2. **If the grammar is genuinely new**, add a module under `tool_calling/` and
   add a `ParserConfig` variant in `config.rs`. Follow the existing parser
   modules for layout.

3. **For reasoning**, prefer aliasing to `BasicReasoningParser` unless the
   grammar truly diverges (append-think, Harmony channels). Most new models
   use plain `<think>...</think>` and can share.
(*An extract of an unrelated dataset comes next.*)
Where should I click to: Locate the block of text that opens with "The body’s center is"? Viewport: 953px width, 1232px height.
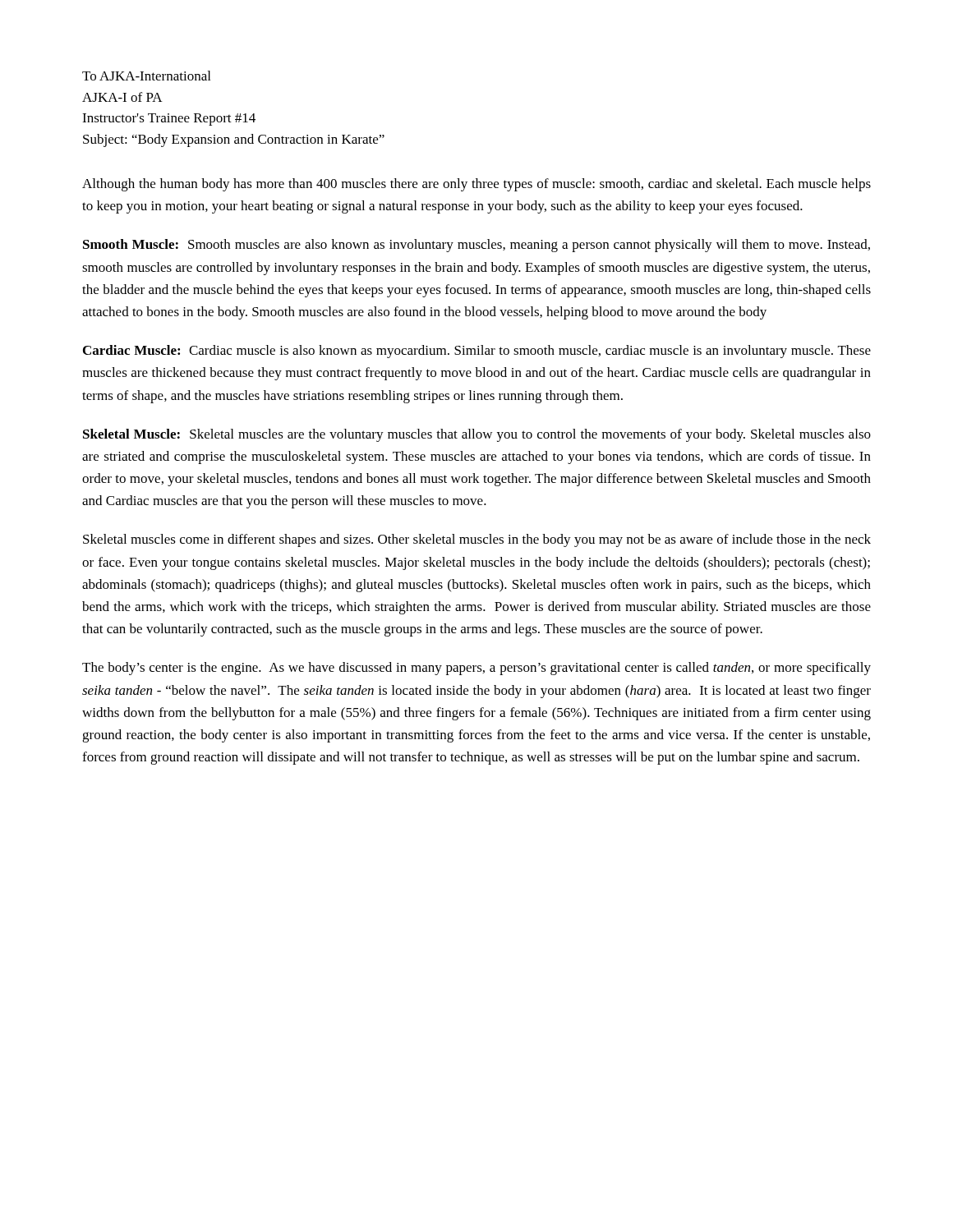pyautogui.click(x=476, y=712)
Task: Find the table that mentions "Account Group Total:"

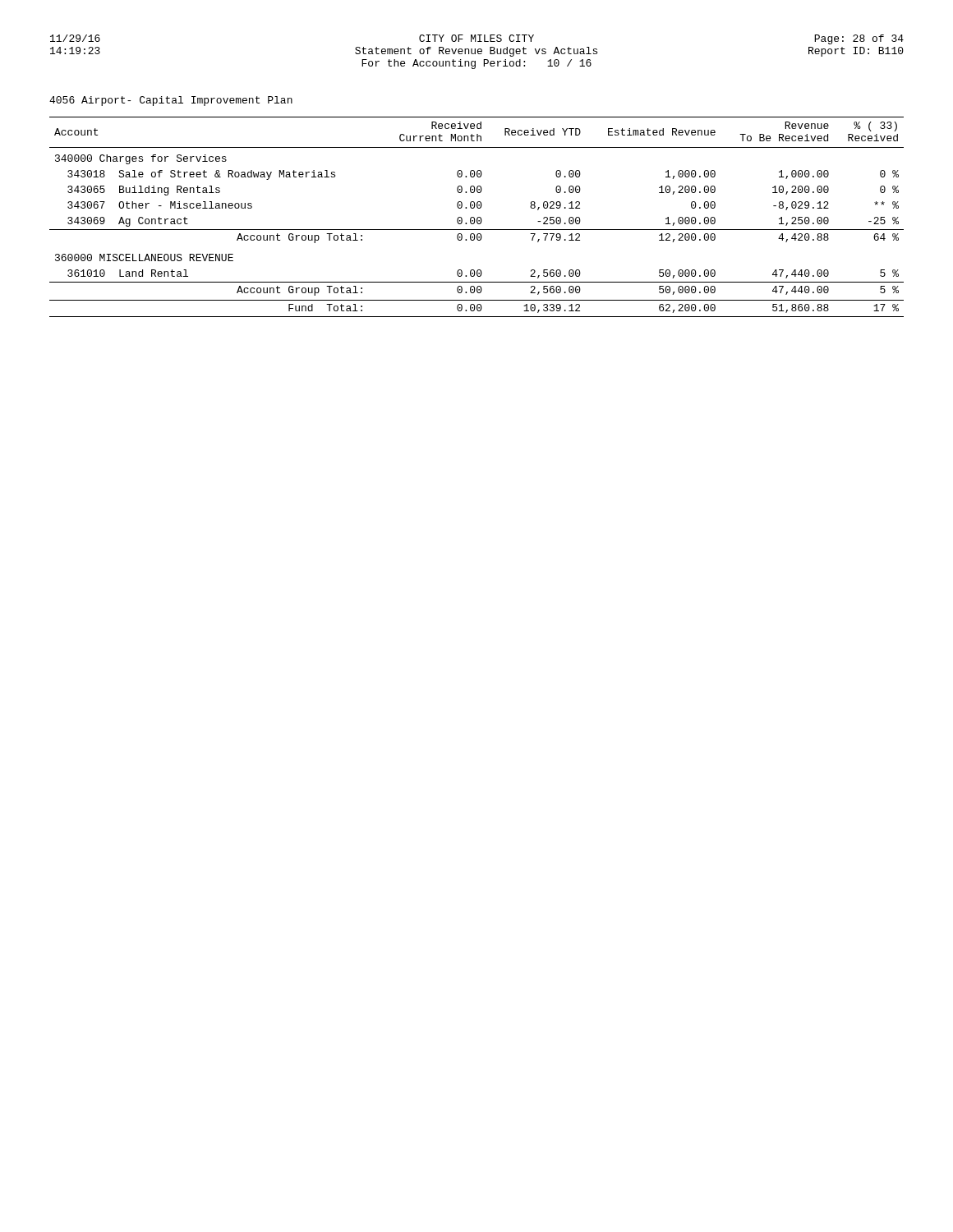Action: [476, 217]

4. **Write tests.** Minimum viable set is in [`TESTING.md`](./TESTING.md) (T1–T20
   taxonomy). At minimum: T1/T2/T3 for correctness, T5 for truncation
   behavior, T8/T9 for streaming, T14 for interleaved text. `N/A` categories
   should be explicitly called out in a comment rather than silently skipped.

## Related docs

- [`TESTING.md`](./TESTING.md) — corner-case taxonomy (T1–T20). What every
  parser should be tested against, what's N/A per family, what's a universal
  gap today.
- `lib/llm/tests/data/` — captured streaming fixtures per (engine × model)
  that feed `test_streaming_tool_parsers.rs`. The replay side of the testing
  story.

## Integration with the rest of Dynamo

- `lib/llm/src/preprocessor/prompt/` — pre-model side. Writes the prompts
  that (eventually) come back and get parsed here.
- `lib/llm/src/preprocessor.rs` — top-level request/response pipeline.
  Decides whether to run the reasoning parser based on
  `is_reasoning_disabled_by_request`, then hands the reasoning-stripped
  tail to the tool-call parser.
- `components/src/dynamo/frontend/` — Python frontend that surfaces parsed
  output as OpenAI-compatible SSE chunks to the client.